Out of peak season it is a no - brainer for me, I'm off to Portugal next year in April. Plymouth to Santander!


----------



## 97661 (Feb 11, 2006)

Hi ,

If you book your crossing through the Caravan Club, or Camping and Caravan Club you will find it cheaper than booking direct with the ferry companies.

Phyl


----------



## Rapide561 (Oct 1, 2005)

*Ferries*

Hi

Last time I sailed on the Pride of Bilbao (P&O) I sent my food back. I was offered a refund and given my next meal in the "upgraded restaurant", free of charge. Food was equally shocking in there.

Russell


----------



## 110279 (Feb 29, 2008)

I agree the Bilbao ferry is terrible, I have used both and the Santander ferry is much nicer, however, both trips were very rough and we have driven through France every since using Cherbourg/Poole crossing which is only 4.5 hours. The last time we used the Bilbao ferry it was so rough we never docked until 3pm and lost the whole day's travelling.
I can get through the 650 miles from Cherbourg to Spanish border with 1 overnight stay if you get the 7am ferry from Poole, stay around Nantes and down to Biarritz by the next night, motorway all the way 90 Euros in tolls and 390 Euros in fuel.


----------



## RogerAndHeather (Dec 23, 2007)

If there is even the slightest chance of you having to change your return dates, go via Calais. Much more flexibility and it only cost me an excess of £10.00 to return early last year.


----------



## 107990 (Oct 30, 2007)

I can get through the 650 miles from Cherbourg to Spanish border with 1 overnight stay if you get the 7am ferry from Poole, stay around Nantes and down to Biarritz by the next night, motorway all the way 90 Euros in tolls and 390 Euros in fuel. 
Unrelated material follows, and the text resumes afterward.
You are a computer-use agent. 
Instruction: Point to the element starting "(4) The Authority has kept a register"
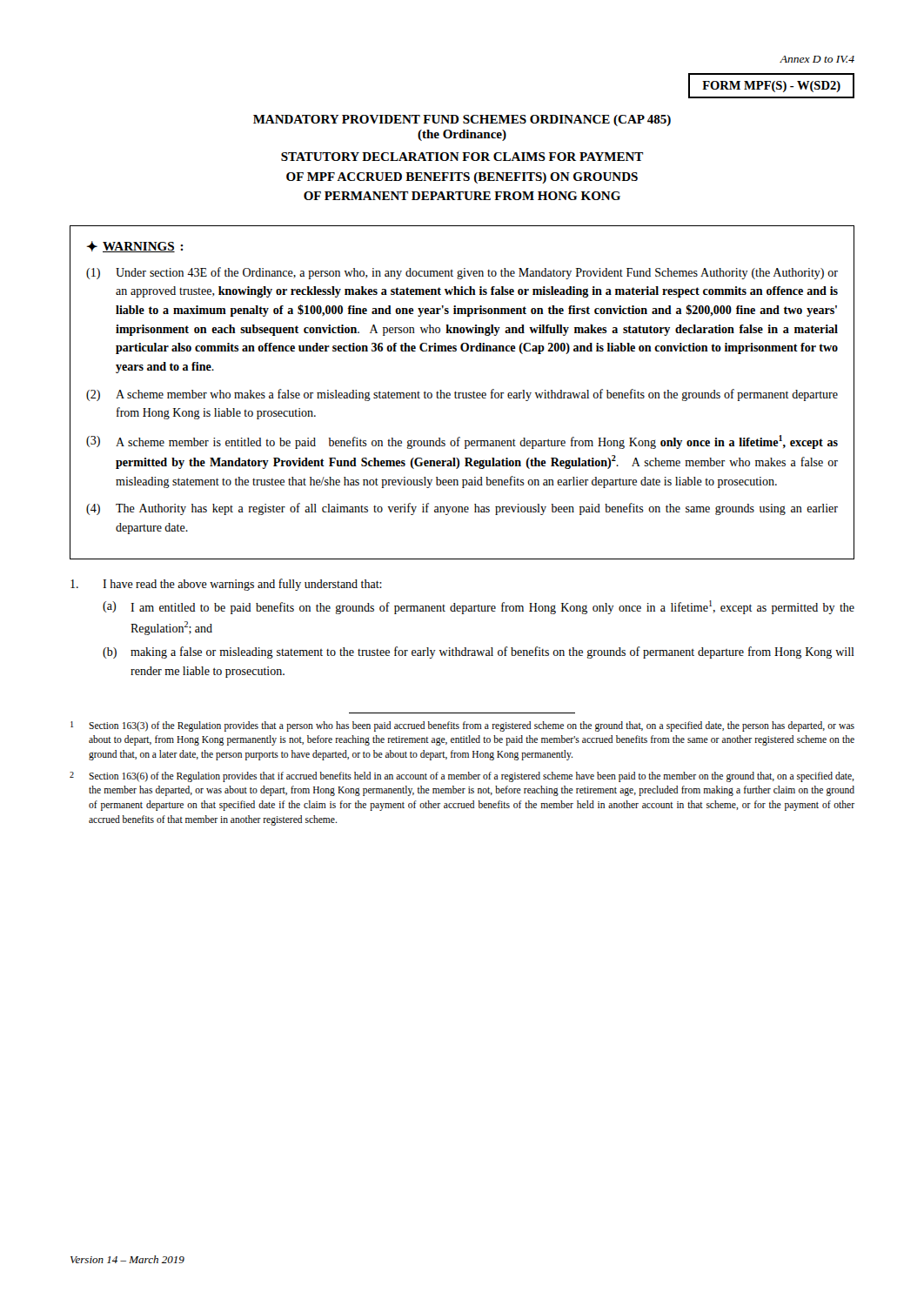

Is that round trip ?. I don't know where you can spend 90 euro between Cherbourg and the spanish border on tolls.


----------



## thieawin (Jun 7, 2006)

I based my calculation on the Dover straits short crossing and then to Toulouse

The resaon for that is that Toulouse to Barcelona is same distance as Santander to Barcelona, so that is the mileage and fuel and tolls I save

its 770 each way so 1540 miles and at 20 mpg thats 77 gallons which is 350 litres which at €1.30 to the litre is €454 .

I have Tag axle van over 3 metres high and get charged higher rate tolls. I can assure you Calais to Toulouse is over €100 each way. So about €700 saved by going on the boat and also 1500 miles and at least 25 hours driving at a steady 60 without stops

So what trips other people are doing for no tolls and 150 €uros fuel, I know not. I just tried to compare the cost of the distance saved.


----------



## 107990 (Oct 30, 2007)

04 Celtic Rambler & 07 Ford F-150, Lariat, 5.4 Triton V8.

Just spotted what you drive, is that petrol ?. about 10 to the gallon if your lucky ?.


----------



## 107990 (Oct 30, 2007)

I have Tag axle van over 3 metres high and get charged higher rate tolls. I can assure you Calais to Toulouse is over €100 each way.

Is that tolls ?. I disagree with your whole basis of calculation. I have never in ten trips to southern spain been to Toulouse or Barcelona.


----------



## thieawin (Jun 7, 2006)

Go look at the Title and look at the first post. Who ever mentioned Southern Spain.

I am saying why, when heading for Barcelona which is where I go to most, Plymouth Santander is sometimes, with discount and on the cheapest crossing off peak, no more expensive than the fuel and tolls in getting to somewhere comparable in distance from final destination and it saves all that driving

Off course it depends where you are going to and where you are coming from

NB via Michelin shows tolls of 76 Euros one way for a basic car Calais to Toulouse for my larger vehicle at the rate its about 50% more

I have just done a trial booking on Brittany Ferries out 7 May back 22 May with a cabin both ways for two passengers and a big motorhome ie over 7 metre and 3 metres high and after owners abroad discoint it was £578 which at about 1.25 €uros to £1 is €722.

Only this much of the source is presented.